Hey there, dear readers! I hope everyone is staying safe and healthy! Today on the blog I am talking with Author Claudia J. Severin who is currently on blog tour for her book, Her Side of History! I hope you enjoy the interview and be sure to enter the giveaway!



Hello Claudia and welcome to Passages to the Past! Thanks so much for stopping by today to talk about Her Side of History!

To begin, can you please tell us a little about yourself and your writing?
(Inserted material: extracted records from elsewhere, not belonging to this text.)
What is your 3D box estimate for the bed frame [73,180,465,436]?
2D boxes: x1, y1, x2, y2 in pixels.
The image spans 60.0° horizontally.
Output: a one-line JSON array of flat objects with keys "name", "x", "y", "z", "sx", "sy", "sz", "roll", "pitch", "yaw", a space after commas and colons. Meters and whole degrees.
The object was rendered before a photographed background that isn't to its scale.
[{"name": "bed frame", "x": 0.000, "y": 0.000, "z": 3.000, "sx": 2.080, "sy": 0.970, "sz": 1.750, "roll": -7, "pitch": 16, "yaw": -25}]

I have always enjoyed writing, but most of my writing has either been news features or business writing during the time I was working. When I was young and getting my journalism degree, my fantasy job was writing soap operas, but I didn’t want to move to Hollywood. Today you could probably write for television anywhere in the world. Working full-time and married with three children didn’t give me a lot of time to indulge my writing muse. Once I retired, I got back into writing.

What inspired you to write Her Side of History?

I spent a year working on genealogy and uncovering interesting information about my ancestors and my husband’s ancestors. I felt like the heart and soul of their stories was missing. I decided to try to recreate some of their life histories based on the facts I had.

What research did you undertake when writing Her Side of History?

I traced family connections through Ancestry.com and Family Search. I went to visit the places my “characters” lived to get a feel for the environment. The surprising source was small town newspapers that I could find on Newspapers.com from one hundred years or more in the past. I researched not only the main characters I wanted to use but all of their siblings and parents. Obituaries can sometimes explain mysteries.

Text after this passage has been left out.